**YOUR GOAL**
Each line below must be reproduced exactly, though the pictures are to be dropped.
==== SOURCE DATA
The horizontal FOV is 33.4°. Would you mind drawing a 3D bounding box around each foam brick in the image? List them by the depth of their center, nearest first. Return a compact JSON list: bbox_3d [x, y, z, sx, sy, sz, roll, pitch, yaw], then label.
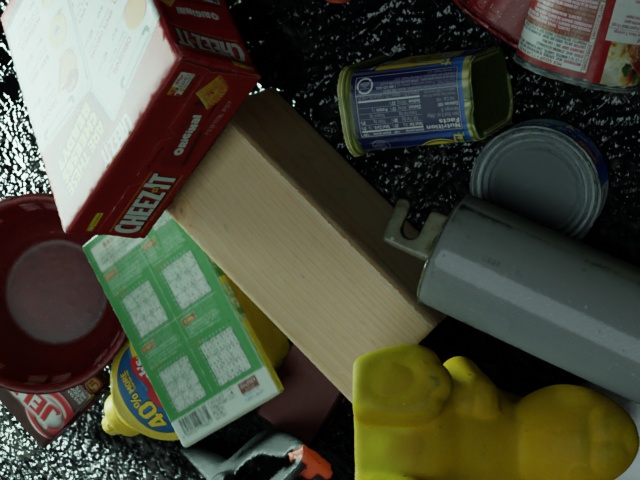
[{"bbox_3d":[-0.002,0.108,0.806,0.051,0.052,0.078,34,118,13],"label":"foam brick"}]

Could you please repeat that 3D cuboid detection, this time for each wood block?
[{"bbox_3d":[-0.005,0.001,0.751,0.206,0.090,0.091,45,120,8],"label":"wood block"}]

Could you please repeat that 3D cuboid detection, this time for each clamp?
[{"bbox_3d":[-0.071,0.202,0.790,0.036,0.164,0.210,39,140,-21],"label":"clamp"}]

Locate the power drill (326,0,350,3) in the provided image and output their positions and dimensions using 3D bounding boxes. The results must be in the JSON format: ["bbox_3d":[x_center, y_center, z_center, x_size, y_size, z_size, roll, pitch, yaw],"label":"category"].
========
**EXERCISE SOLUTION**
The horizontal FOV is 33.4°. Would you mind drawing a 3D bounding box around each foam brick in the image? List them by the depth of their center, nearest first. Return a compact JSON list: bbox_3d [x, y, z, sx, sy, sz, roll, pitch, yaw], then label.
[{"bbox_3d":[-0.002,0.108,0.806,0.051,0.052,0.078,34,118,13],"label":"foam brick"}]

Could you please repeat that 3D cuboid detection, this time for each wood block?
[{"bbox_3d":[-0.005,0.001,0.751,0.206,0.090,0.091,45,120,8],"label":"wood block"}]

Could you please repeat that 3D cuboid detection, this time for each clamp?
[{"bbox_3d":[-0.071,0.202,0.790,0.036,0.164,0.210,39,140,-21],"label":"clamp"}]

Locate the power drill (326,0,350,3) in the provided image and output their positions and dimensions using 3D bounding boxes. The results must be in the JSON format: ["bbox_3d":[x_center, y_center, z_center, x_size, y_size, z_size, roll, pitch, yaw],"label":"category"].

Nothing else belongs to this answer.